[Entries taken from a collection]

:::::

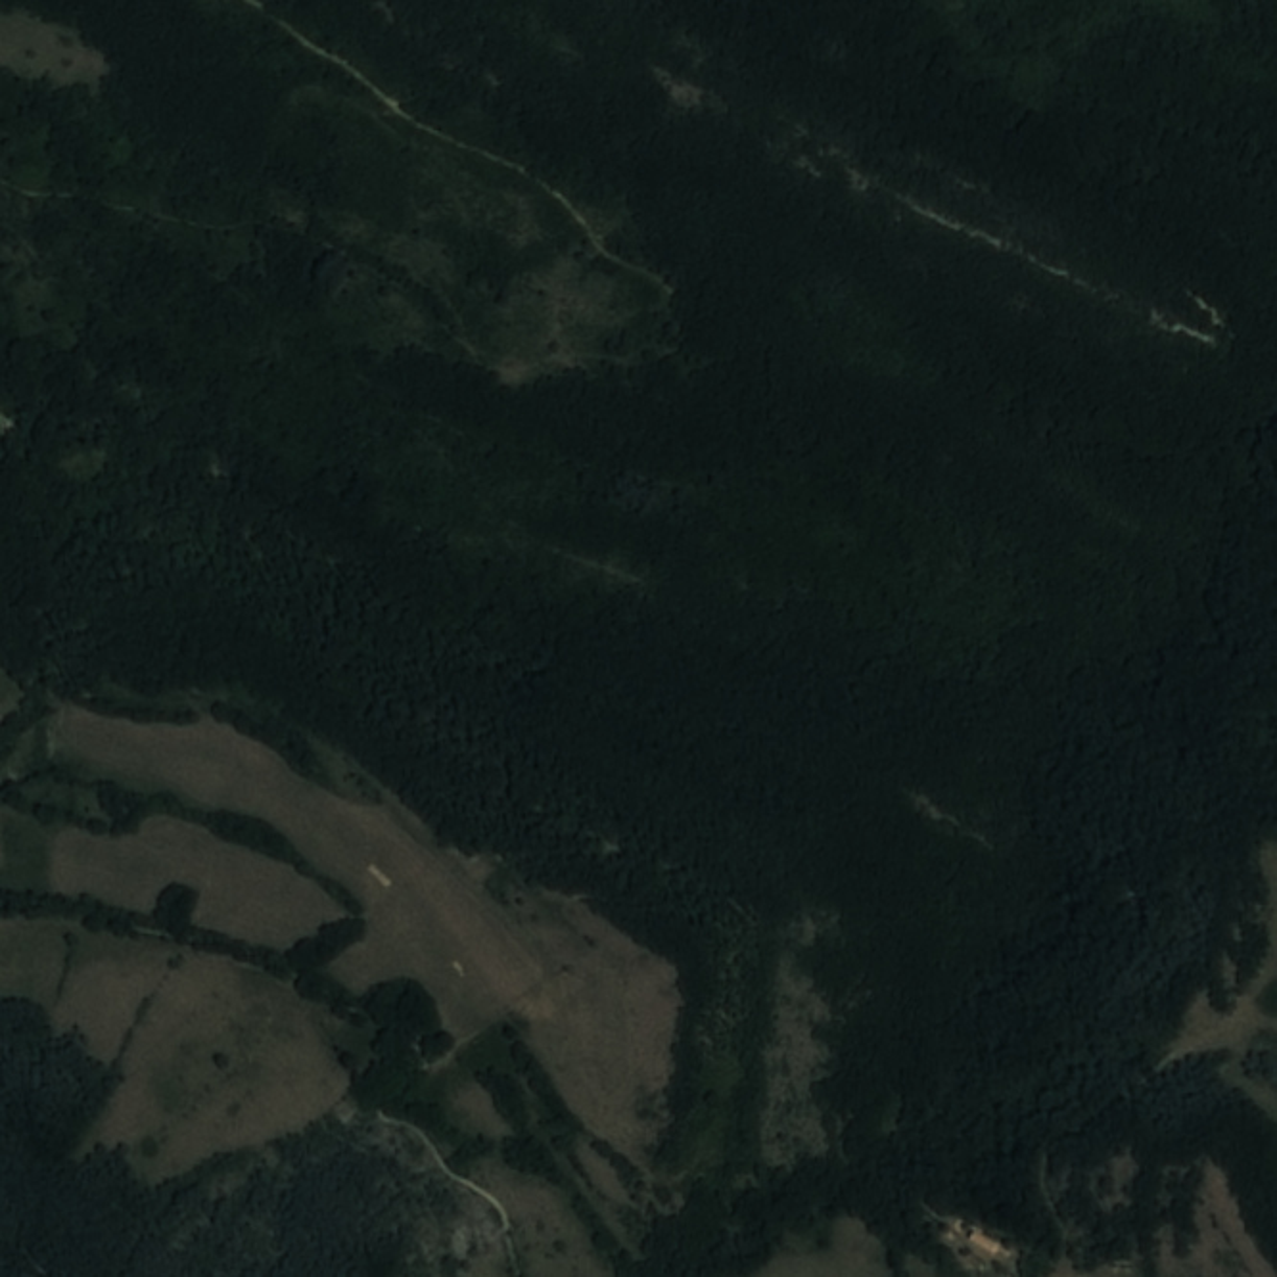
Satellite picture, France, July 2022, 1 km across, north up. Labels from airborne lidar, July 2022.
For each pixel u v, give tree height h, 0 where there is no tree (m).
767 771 18
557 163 11
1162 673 25
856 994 12
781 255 16
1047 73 7
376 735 15
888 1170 23
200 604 17
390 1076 11
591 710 19
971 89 13
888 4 17
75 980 0
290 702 10
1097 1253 11
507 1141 9
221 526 13
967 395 14
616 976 0
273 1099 0
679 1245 10
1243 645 15
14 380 24
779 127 7
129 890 0
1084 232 12
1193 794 15
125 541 17
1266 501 16
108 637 16
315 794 0
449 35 12
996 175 12
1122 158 15
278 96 14
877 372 12
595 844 17
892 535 8
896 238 10
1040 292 10
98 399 18
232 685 13
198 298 9
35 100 11
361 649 17
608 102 6
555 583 6
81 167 14
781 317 13
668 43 5
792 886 12
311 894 0
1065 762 19
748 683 19
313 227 9
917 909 14
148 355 13
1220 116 16
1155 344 10
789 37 18
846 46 10
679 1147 16
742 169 8
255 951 8
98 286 8
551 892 8
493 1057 0
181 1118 0
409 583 23
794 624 14
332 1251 10
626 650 18
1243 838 15
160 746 0
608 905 12
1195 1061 10
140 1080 0
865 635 17
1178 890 10
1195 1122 14
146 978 0
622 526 7
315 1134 7
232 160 16
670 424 11
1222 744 17
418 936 0
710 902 15
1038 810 15
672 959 8
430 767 14
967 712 16
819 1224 15
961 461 13
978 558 11
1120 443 12
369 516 26
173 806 7
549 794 18
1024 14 9
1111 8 8
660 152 11
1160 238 19
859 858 17
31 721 8
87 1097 8
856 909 14
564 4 10
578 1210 8
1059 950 20
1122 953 9
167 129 16
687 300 14
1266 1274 0
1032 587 13
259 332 11
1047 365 20
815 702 20
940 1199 13
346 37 7
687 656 19
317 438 6
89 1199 17
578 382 8
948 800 11
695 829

:::::

Task details: Without the pictures, return all the entries above exactly as they stand.

Exercise response:
Satellite picture, France, July 2022, 1 km across, north up. Labels from airborne lidar, July 2022.
For each pixel u v, give tree height h, 0 where there is no tree (m).
767 771 18
557 163 11
1162 673 25
856 994 12
781 255 16
1047 73 7
376 735 15
888 1170 23
200 604 17
390 1076 11
591 710 19
971 89 13
888 4 17
75 980 0
290 702 10
1097 1253 11
507 1141 9
221 526 13
967 395 14
616 976 0
273 1099 0
679 1245 10
1243 645 15
14 380 24
779 127 7
129 890 0
1084 232 12
1193 794 15
125 541 17
1266 501 16
108 637 16
315 794 0
449 35 12
996 175 12
1122 158 15
278 96 14
877 372 12
595 844 17
892 535 8
896 238 10
1040 292 10
98 399 18
232 685 13
198 298 9
35 100 11
361 649 17
608 102 6
555 583 6
81 167 14
781 317 13
668 43 5
792 886 12
311 894 0
1065 762 19
748 683 19
313 227 9
917 909 14
148 355 13
1220 116 16
1155 344 10
789 37 18
846 46 10
679 1147 16
742 169 8
255 951 8
98 286 8
551 892 8
493 1057 0
181 1118 0
409 583 23
794 624 14
332 1251 10
626 650 18
1243 838 15
160 746 0
608 905 12
1195 1061 10
140 1080 0
865 635 17
1178 890 10
1195 1122 14
146 978 0
622 526 7
315 1134 7
232 160 16
670 424 11
1222 744 17
418 936 0
710 902 15
1038 810 15
672 959 8
430 767 14
967 712 16
819 1224 15
961 461 13
978 558 11
1120 443 12
369 516 26
173 806 7
549 794 18
1024 14 9
1111 8 8
660 152 11
1160 238 19
859 858 17
31 721 8
87 1097 8
856 909 14
564 4 10
578 1210 8
1059 950 20
1122 953 9
167 129 16
687 300 14
1266 1274 0
1032 587 13
259 332 11
1047 365 20
815 702 20
940 1199 13
346 37 7
687 656 19
317 438 6
89 1199 17
578 382 8
948 800 11
695 829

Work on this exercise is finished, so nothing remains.